Inhibition of electron transfer within a b-cyclodextrin cavity?:
A spectroscopic study

Electron transfer processes are ubiquitous to fundamental chemical and biological transformations.  Electron transfer plays a role in processes as diverse as formation and repair of mutagenic pyrimidine dimers in DNA,^1-3 photosynthesis,^4,5 and photonucleation of atmospheric water vapor.⁶  Particularly compelling are current implications that DNA might participate in long-range electron transfer (DNA as a molecular wire).⁷  Given the importance of electron transfer, I have initiated an investigation on intramolecular electron transfer (charge-transfer) in species that contain both donor and acceptor moieties on the same molecule.  These investigations probe these processes with solution electronic spectroscopy, absorption, fluorescence emission, and Raman spectroscopy.  This experimental work is carried out with instrumentation in the chemistry laser spectroscopy laboratory.  Stilbene derivatives that include these moieties are of particular interest since intramolecular electron transfer through these systems can be coupled to conformational changes.  Important questions to be answered about these systems include the degree of conformational change that may accompany charge redistribution in these systems and along which coordinates these changes may be affected.  Some

conformational coordinates (A in figure below) may promote electron transfer (twisted intramolecular charge‑transfer: TICT) while others may quench these processes (trans-cis isomerization, B in figure below). 

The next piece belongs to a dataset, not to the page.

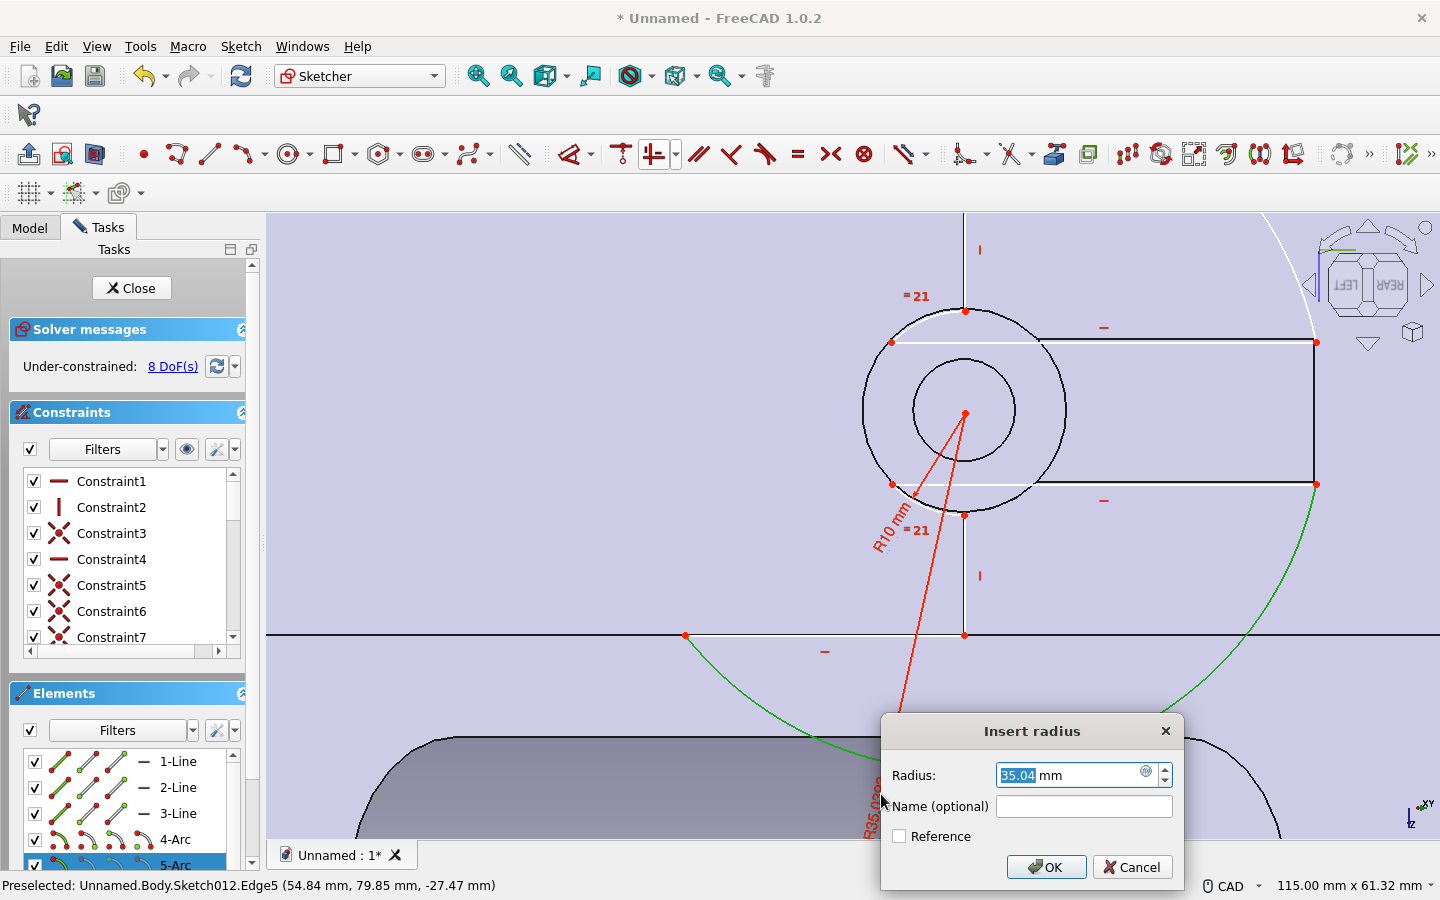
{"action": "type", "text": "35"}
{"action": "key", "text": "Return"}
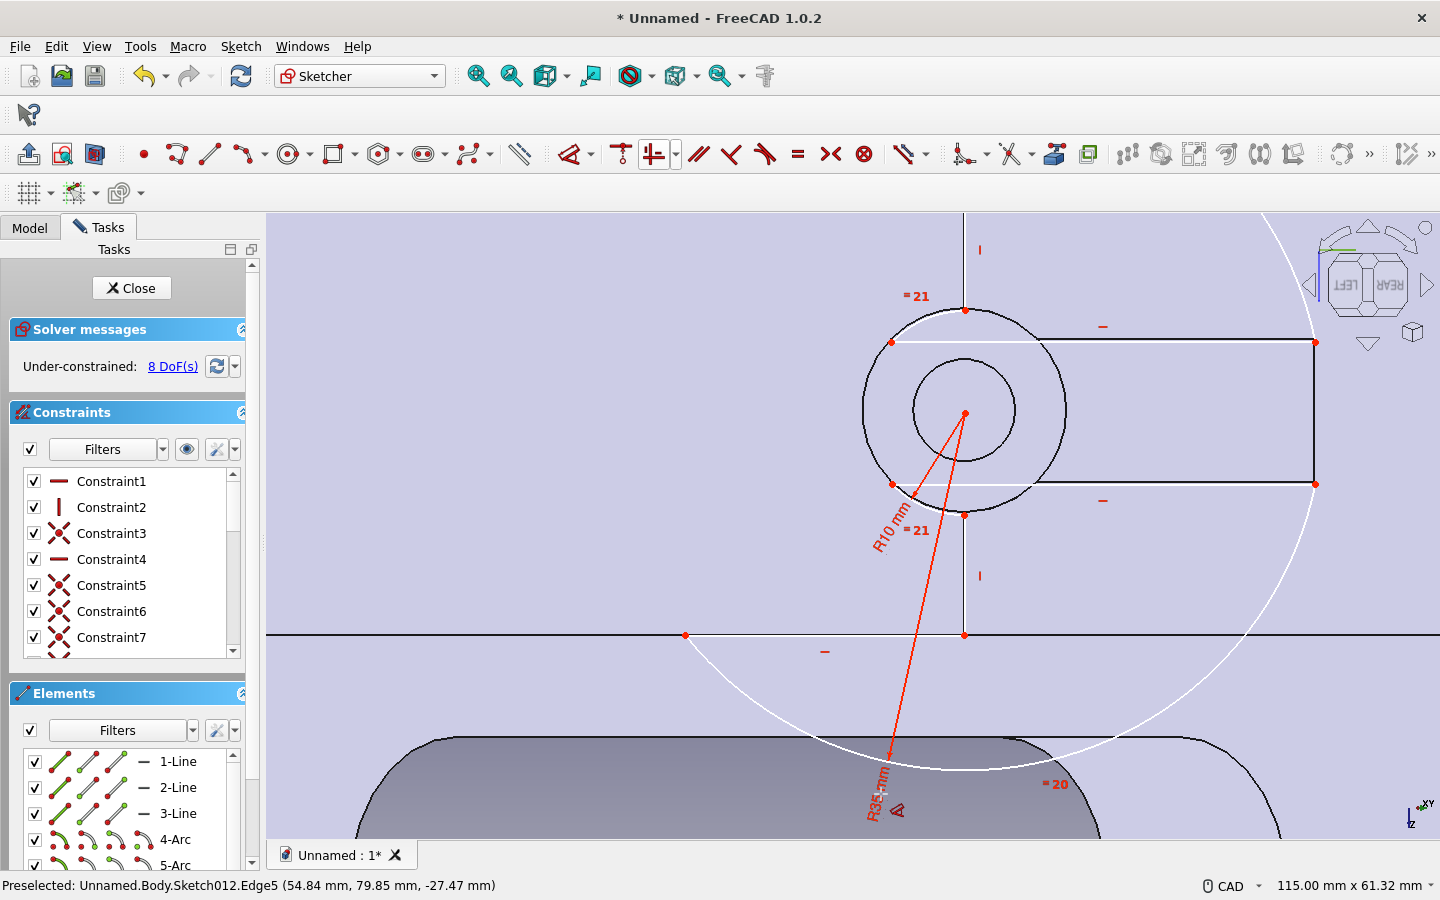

Other questions exist as to the role of solvent in stabilizing the charge‑separated state that results from electron transfer.  These effects have been considered in dimethylaminobenzonitrile (DMABN), which exhibits charge‑transfer in solution, and is considered the prototypical case of twisted intramolecular charge‑transfer.⁸  My initial work has focused on two systems, DMABN and dimethylaminonitrostilbene (DMANS), which exhibits electron transfer in polar solvent.  A particularly intriguing initial observation is that when DMABN is in aqueous solution with b-cyclodextrin (10^-3 M) it does not exhibit the signature of electron transfer in contrast to its behavior in aqueous solution alone.  One explanation, which is justified based on the literature, is that DMABN is included in the b-cyclodextrin cavity (~9 Å diameter) as a "guest".  This interaction may inhibit the twisting motion and certainly provides a different local environment for the "guest" which may destabilize the state that results from electron transfer.  This proposal seeks funding to study this intriguing system in detail.^9,10

 

 

 

 

     1.    Barrow, G. M. Physical Chemistry; WCB McGraw-Hill: Boston, 1996.

     2.    Shoemaker, D. P.; Garland, C. W.; Nibler, J. W. Experiments in Physical Chemistry; 6 ed. McGraw-Hill: New York, 1996.

     3.    Hollas, J. M. Modern Spectroscopy; 3 ed. John Wiley & Sons: New York, 1996.

     4.    Richard Knochenmuss; Volker Karbach; Claudia Wickleder; Stephan Graf; Samuel Leutwyler Journal of Physical Chemistry A 1998, 102 , 1935-1944.

     5.    Masato Kodaka  Journal of Physical Chemistry A 1998, 102 .

     6.    Bach, A.; Hewel, J.; Leutwyler, S. Journal of Physical Chemistry A 1998, 102 , 10476-10485.

     7.    Ruriko Yoshino ; Kenro Hashimoto; Takuichiro Omi; Shun-ichi Ishiuchi; Masaaki Fujii Journal of Physical Chemistry A 1998, 102  , 6227-6233.

     8.    Lommatzsch, U.; Gerlach, A.; Lahmann, C.; Brutschy, B. Journal of Physical Chemistry A 1998, 102, 6421-6435.

     9.    Changenet, P.; Plaza, P.; Martin, M. M.; Meyer, Y. H. Journal of Physical Chemistry A 1997, 101, 8186-8194.

   10.    Gregoire, G.; Dimicoli, I.; Mons, M.; Dedonder-Lardeux, C.; Jouvet, C.; Martrenchard, S.; Solgadi, D. Journal of Physical Chemistry A 1998, 102, 7896-7902.